Now that we’ve established a sound, a reputation, we have the freedom and the confidence to risk collaborations and that is probably the most interesting and exciting projects open to us. The more different and challenging the better.
We’ve written a song that needs a powerful gospel inspired singer. That will be interesting. If you’re interested and you’ve got the voice for it, get in touch.
What advice would you have for someone wanting to follow in your footsteps?
Don’t. We made a million mistakes that made us. Make your own. Take your own path. Just start, the rest will work out as you go. If you wait until you’re ready it will be too late.
When were you generally fulfilled in your position as an artist?
Every release feels a bit like that. The hardest thing about working the way we do, apart from the late nights and terrible diet, is the strange timeline we work to. This month we’re excited to release a couple of songs, but the day you release a song, all your attention moves to the next one. It is always the next thing. Or the one after that.
Hyperbole aside, I think our April release which is called “The Gastronaut” is by far the absolute best thing we have written and recorded. In every way. It’s an instant hit, an earworm you sing all day, but it is also musically incredibly rich and very clever. But we’re already working on the release to follow it which is our first out and out radio-friendly pop single. Something so sweet it will make your teeth fall out. Well, it may have a few hidden layers that are deeply subversive. But it’s a banger. It’s endless.
So probably the reason we do what we do with the intensity we bring, is because we never feel fulfilled - we’re always reaching.

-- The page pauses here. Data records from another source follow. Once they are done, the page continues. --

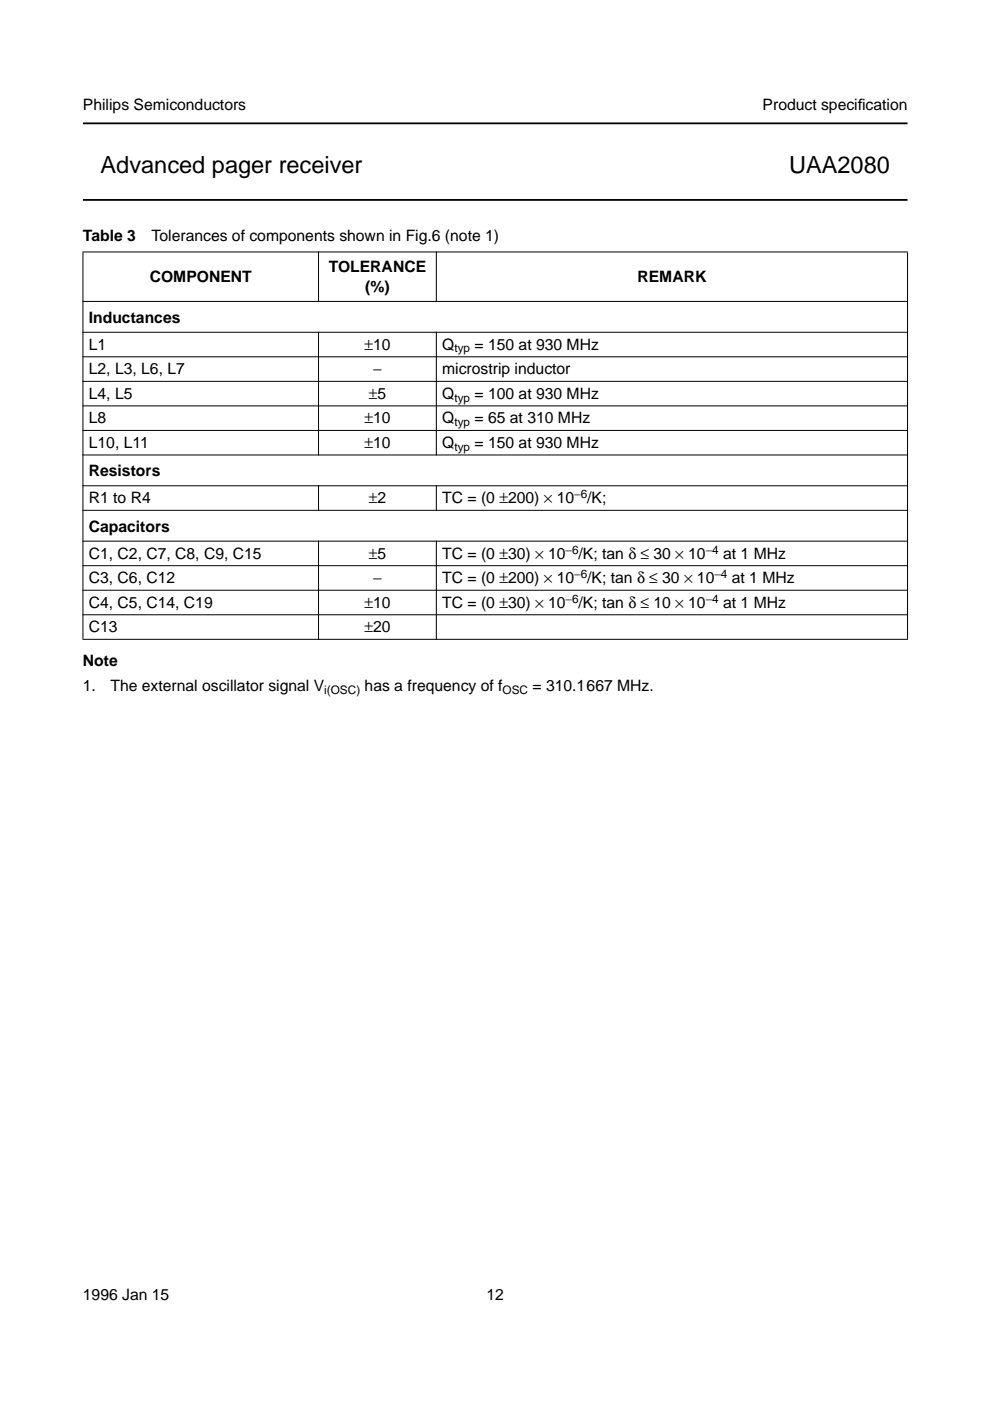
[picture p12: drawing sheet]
<svg xmlns="http://www.w3.org/2000/svg" width="210mm" height="297mm" viewBox="0 0 210 297" stroke-linecap="round" stroke-linejoin="round" font-family="sans-serif">
<defs><g id="words">
<g font-size="5">
<text x="21.3" y="36.6">Advanced pager receiver</text>
<text x="167.3" y="36.6">UAA2080</text>
</g>
<g font-size="3.3">
<text x="17.6" y="23.4">Philips Semiconductors</text>
<text x="161.7" y="23.4">Product specif</text>
<text x="181.9" y="23.4">ication</text>
<text x="17.6" y="51.1">Table 3</text>
<text x="32.2" y="51.1">Tolerances of components shown in Fig.6 (note 1)</text>
<text x="31.7" y="59.8">COMPONENT</text>
<text x="69.7" y="57.7">TOLERANCE</text>
<text x="135.2" y="59.8">REMARK</text>
<text x="77.4" y="61.9">(%)</text>
<text x="18.8" y="68.4">Inductances</text>
<text x="18.8" y="74.1">L1</text>
<text x="77.3" y="74.1">±10</text>
<text x="93.8" y="74.1">Q</text>
<text x="100.6" y="74.1">= 150 at 930 MHz</text>
<text x="18.8" y="79.3">L2, L3, L6, L7</text>
<text x="79.1" y="79.3">−</text>
<text x="93.8" y="79.3">microstrip inductor</text>
<text x="18.8" y="84.5">L4, L5</text>
<text x="18.8" y="89.7">L8</text>
<text x="77.3" y="89.7">±10</text>
<text x="78.2" y="84.5">±5</text>
<text x="93.8" y="89.7">Q</text>
<text x="93.8" y="84.5">Q</text>
<text x="100.6" y="84.5">= 100 at 930 MHz</text>
<text x="100.6" y="89.7">= 65 at 310 MHz</text>
<text x="18.8" y="94.9">L10, L11</text>
<text x="77.3" y="94.9">±10</text>
<text x="93.8" y="94.9">Q</text>
<text x="100.6" y="94.9">= 150 at 930 MHz</text>
<text x="18.8" y="101">Resistors</text>
<text x="18.8" y="106.7">R1 to R4</text>
<text x="78.2" y="106.7">±2</text>
<text x="93.8" y="106.7">TC = (0 ±200) × 10</text>
<text x="124.5" y="106.7">/K;</text>
<text x="18.8" y="112.7">Capacitors</text>
<text x="18.8" y="118.4">C1, C2, C7, C8, C9, C15</text>
<text x="78.2" y="118.4">±5</text>
<text x="93.8" y="118.4">TC = (0 ±30) × 10</text>
<text x="122.7" y="118.4">/K; tan δ ≤ 30 × 10</text>
<text x="153.3" y="118.4">at 1 MHz</text>
<text x="18.8" y="123.6">C3, C6, C12</text>
<text x="79.1" y="123.6">−</text>
<text x="93.8" y="123.6">TC = (0 ±200) × 10</text>
<text x="124.5" y="123.6">/K; tan δ ≤ 30 × 10</text>
<text x="155.2" y="123.6">at 1 MHz</text>
<text x="18.8" y="128.8">C4, C5, C14, C19</text>
<text x="77.3" y="128.8">±10</text>
<text x="93.8" y="128.8">TC = (0 ±30) × 10</text>
<text x="122.7" y="128.8">/K; tan δ ≤ 10 × 10</text>
<text x="153.3" y="128.8">at 1 MHz</text>
<text x="18.8" y="134">C13</text>
<text x="77.3" y="134">±20</text>
<text x="17.6" y="141.1">Note</text>
<text x="17.6" y="146.5">1.</text>
<text x="23.4" y="146.5">The external oscillator signal V</text>
<text x="77.3" y="146.5">has a frequency of f</text>
<text x="112.9" y="146.5">= 310.1667 MHz.</text>
<text x="17.6" y="275.6">1996 Jan 15</text>
<text x="103.2" y="275.6">12</text>
</g>
<g font-size="2.5">
<text x="96.4" y="74.7">typ</text>
<text x="96.4" y="85.1">typ</text>
<text x="96.4" y="90.3">typ</text>
<text x="96.4" y="95.5">typ</text>
<text x="121.8" y="105.7">−6</text>
<text x="119.9" y="117.4">−6</text>
<text x="149.6" y="117.4">−4</text>
<text x="121.8" y="122.6">−6</text>
<text x="151.5" y="122.6">−4</text>
<text x="119.9" y="127.8">−6</text>
<text x="149.6" y="127.8">−4</text>
<text x="68.8" y="147.1">i(OSC)</text>
<text x="106.6" y="147.1">OSC</text>
</g>
</g></defs>
<path d="M17.6 26.2h174.8M17.6 42.4h174.8" fill="none" stroke="#000" stroke-width=".38"/>
<g fill="#000" stroke="#000" stroke-width=".21">
<path d="M17.5 53.4h175zM67.5 53.3v10.7zM92.5 53.3v10.7zM17.5 63.9h175zM17.5 70.4h175zM17.5 75.7h175zM67.5 70.3v26.3zM92.5 70.3v26.3zM17.5 80.9h175zM17.5 86.1h175zM17.5 91.3h175zM17.5 96.5h175z"/>
<path d="M67.5 102.9v5.4zM92.5 102.9v5.4zM17.5 103h175zM17.5 108.2h175zM17.5 114.7h175zM17.5 119.9h175zM17.6 53.5v81.9zM67.5 114.6v21.1zM92.5 114.6v21.1zM192.4 53.5v81.9zM17.5 125.1h175zM17.5 130.3h175z"/>
<path d="M17.5 135.5h175z"/>
</g>
<use href="#words"/>
</svg>

What jobs have you done other than being an artist?
Being an artist is not a job. At times we may have paid the rent through music, but there is absolutely no intention to make 9 o’clock Nasty into a career. The freedom to just do what we feel is right without worrying about money is an essential part of what we do.
What can we expect from 9 o'clock Nasty in the near future?
Well, on the 25th February there is the remix of Low Fat Jesus by Mark Wise. It’s pretty special and we adore it, but it certainly won’t be a natural fit for our audience, but we hope it reaches some new people and diversifies what we do a bit. We really like all forms of electronica and would like to pursue that more.
Next month, March, is the second single we did with Hugo GT our collaborator from Canada. He always delivers the most incredible sonics, and is half human half guitar. So the song is called Disco Investors and is a glam rock invasion. It is a lot of fun. It may be our most obviously political song for a while. Anyone that liked Too Cool is going to lose their shit for that one.
Then Gastronaut for April. It’s orchestral. Really. Complex, mature, layered and infectious. If that was the last thing we ever did, then it would be a really good ending. From the broken disco of Gammon v Pilgrim to the intense garage-rock of I’m Bent to something so strange and subtle would be a great journey.
But that isn’t the end! We have a ton of songs we’re finishing off, some of which will be singles, and some will be for the summer LP which will probably be called “x3 Repeat” after something a reviewer said about us. We want to write songs that make people keep hitting repeat. Play again. Play again. Dopamine. Dopamine. That’s how we are with songs we love, play them loud over and over and over. That’s how our music is designed to be played.